Virtual Museum of Canada (VMC)

About the Logo

Our logo was painted by artist Alicia Point. It is two sturgeon in mirror image. The bodies have elements of Coast Salish art, including half-circles within the body and moon-like crescents showing the spines. The spines along a sturgeon’s back are rows of bony plates. The whiskers help them feel along the bottom of the river, where they feed. On the main page of our website, the two sturgeon are seen swimming in the Harrison River, as they still do today. Sturgeon were a major food source for our people from ancient times to a few generations ago.

Alicia Point was born at Sts'ailes (Chehalis), her father’s community upriver from Sq’éwlets. She spent parts of her youth at Sq’éwlets where many of her sisters were raising their families. Alicia later married Dwayne Point from Musqueam, in Vancouver, and lives there today.

Alicia was interested in art from a young age. She studied fine arts at Langara College. Alicia has experimented with different forms and traditions, and especially loves to work in the traditional Coast Salish style. Alicia was inspired to create these twin sturgeons after talking to her sister, Jennifer Pennier, about their Stó:lō heritage. Sq’éwlets people are known as Sqwōwich, People of the Sturgeon. The painting is made with acrylic on canvas. Our project team purchased this beautiful piece as our project logo.

Alicia Point's Sturgeon Design

View Transcript

[Alicia Point]: I was born, as Betty would say, Beatrice Alicia Point. My father is Kuya from Chehalis. My mother is Mable Falarty from Kwantlen First Nation. I grew up partly in Chehalis and partly in Fort Langley. And now I’m married and live in Musqueam.

At the end of the 70’s, I lived here with my sister Jennifer Penier and her husband, Butch. They took us in after my mom died. They raised us for a while.

My brother started drawing and painting. I watched them at the kitchen table in Fort Langley and got interested because there was a female artist in the book. And I wanted to try it. So they told me to sit down, gave me a paper and a pen, and I drew one of her designs, Freda Diesing, and I liked it.

I liked painting especially. I like the Coast Salish designs, even though I started drawing West Coast people’s work. Someone told me I should do my own designs. And that kind of scared me, because I didn’t know who I was then. It was a challenge, and I took it upon myself and started putting Coast Salish designs in it.

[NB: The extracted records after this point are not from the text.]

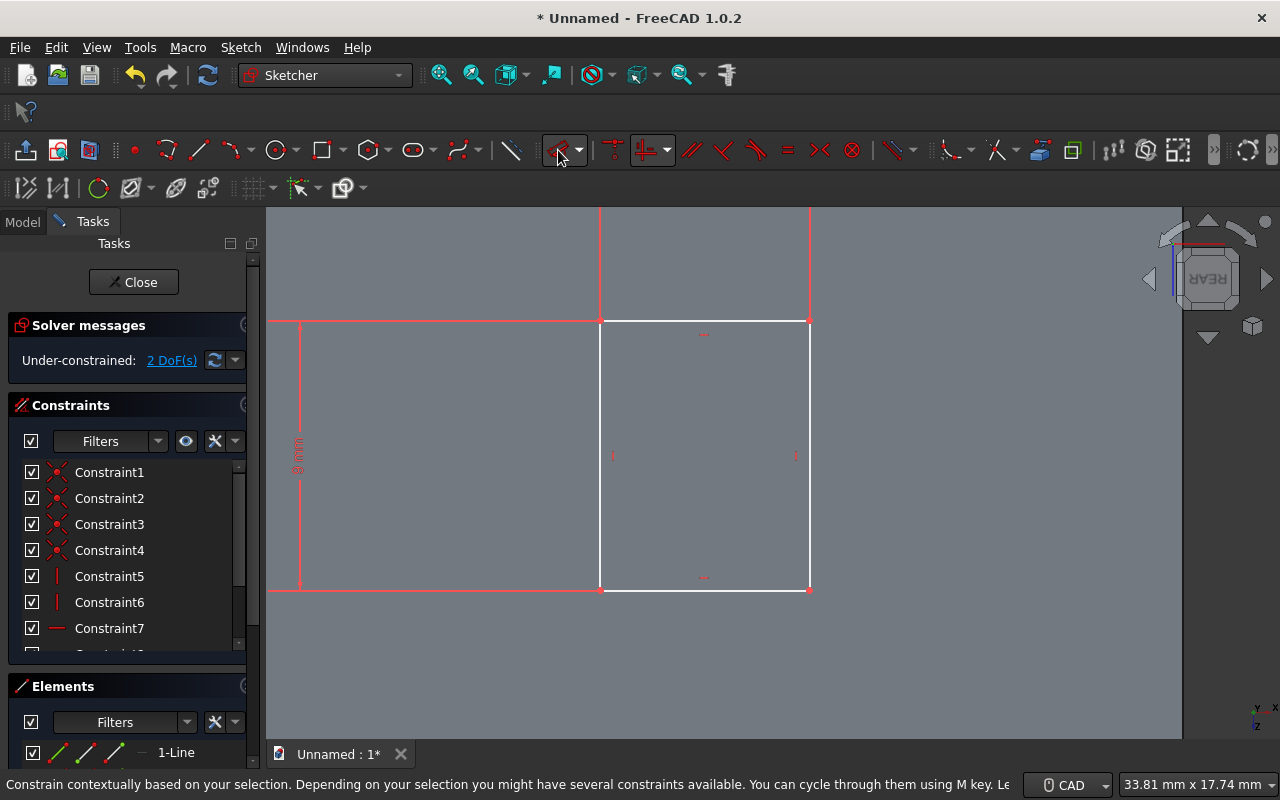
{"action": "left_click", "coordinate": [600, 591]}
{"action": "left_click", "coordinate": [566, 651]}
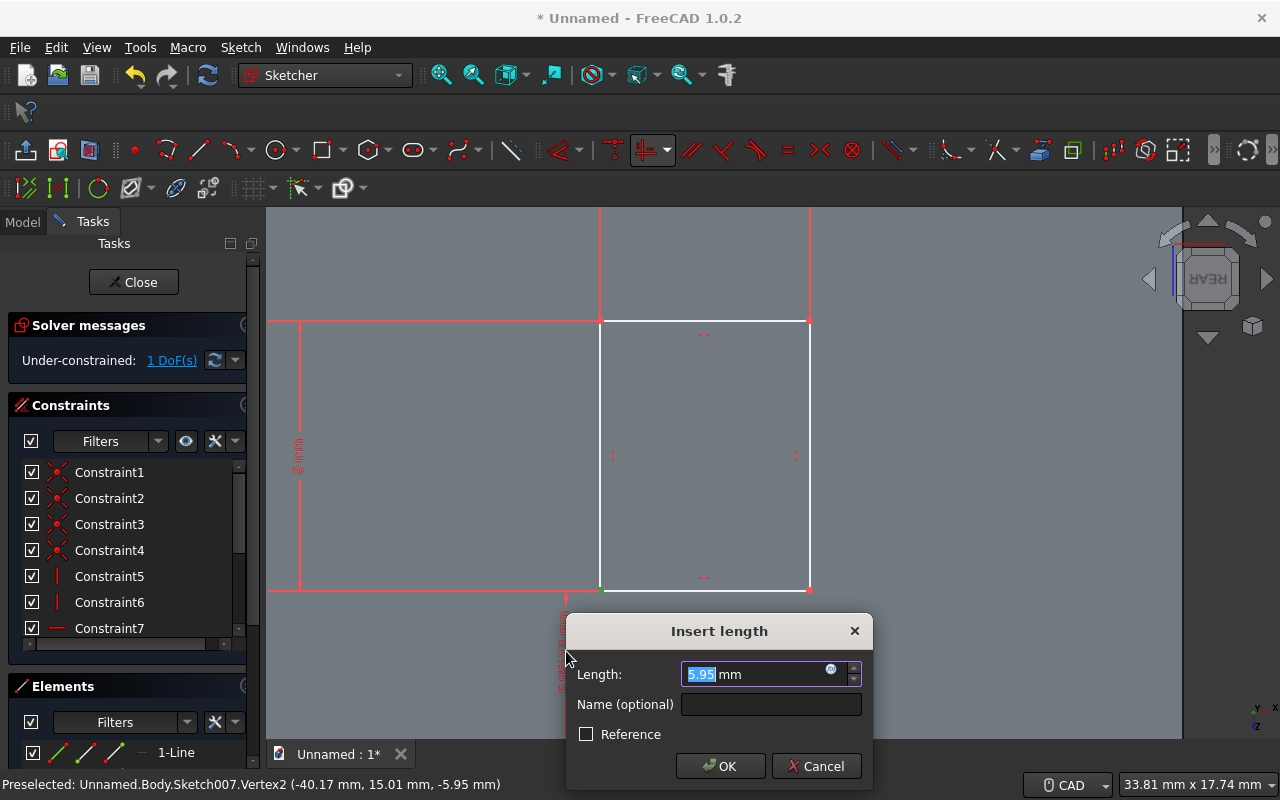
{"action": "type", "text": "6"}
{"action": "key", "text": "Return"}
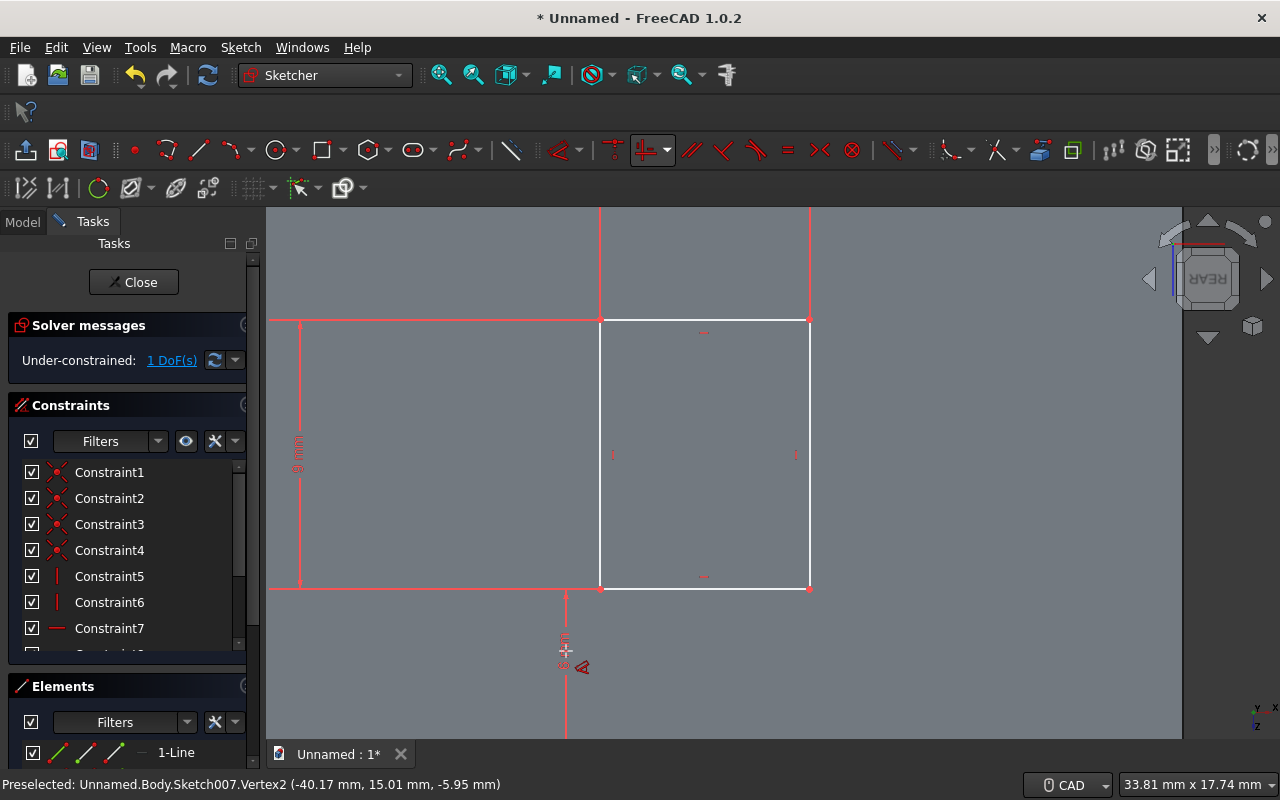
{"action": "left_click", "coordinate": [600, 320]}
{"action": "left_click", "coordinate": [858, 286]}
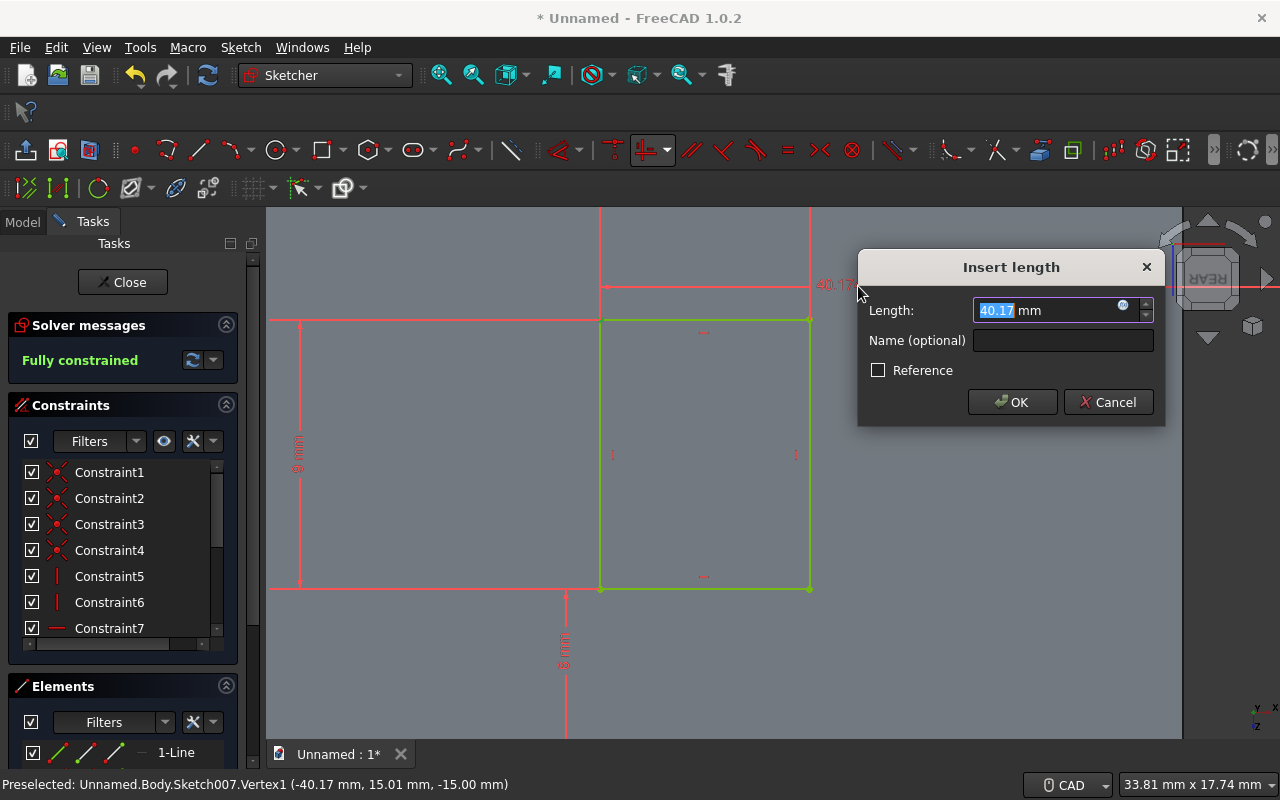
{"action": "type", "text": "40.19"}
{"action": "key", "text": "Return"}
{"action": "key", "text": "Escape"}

It goes back to when I was about 9, growing up in Kwantlen, walking in the moonlight with my mom, and I asked her, “What kind of Indian are we? Kids at school are asking.” She pointed at the river, and she was holding my hand, and she pointed and said, “You see that river?”

And I said, “Yep.” And she said, ”You tell them, if anyone asks you who you are, you tell them you are Stó:lō.” And she said it in her Indian way, Halq̓eméylem. And I went, “Stó:lō?” I said, “ What is that?” She said, “It means river. You are a river Indian.” So she says, “You never forget that.” And I said, “Okay.”

So I went to school and told everybody who we were. We were Stó:lō. And I was proud. And I teach my grandchildren now. You are part Stó:lō, and you’re proud.

And the sturgeon design came from my sister Jennifer asking me. She was band manager here in Scowlitz, and she asked, “Have you ever drew a sturgeon design?” And I said, “No, no, I never.” And she said, “You should try it.” So that got put away until around 2000, and I come across a picture in a magazine of these men holding a big sturgeon out of the water in the Fraser River.

And I said “Oh, my god, that’s beautiful!” I cut it out, kept it in my studio. Kept doing my work, and I kept looking at that sturgeon going, “God, I should draw it. I should draw a design.” And my sister passed away, and I never forgot. And I said, “I’m going to draw a design.” I did it in a few hours in my studio. And I showed my husband after work. And he couldn’t believe it. He loved it. And I was happy. And I painted it on canvas, and it hung in my studio for a few years until Betty and Clifford mentioned to you guys to come and see.

I’m glad that it came to this, to Scowlitz. I didn’t want to do just one sturgeon, like, just one design. I saw the canvases that are long, and I thought I would do two sturgeons facing each other. That connects with Scowlitz.

Now my grandchildren go to high school and they go on their little phones so fast, and now they can view the site. I wish Jenny was here so I could share that with her and give her a hug.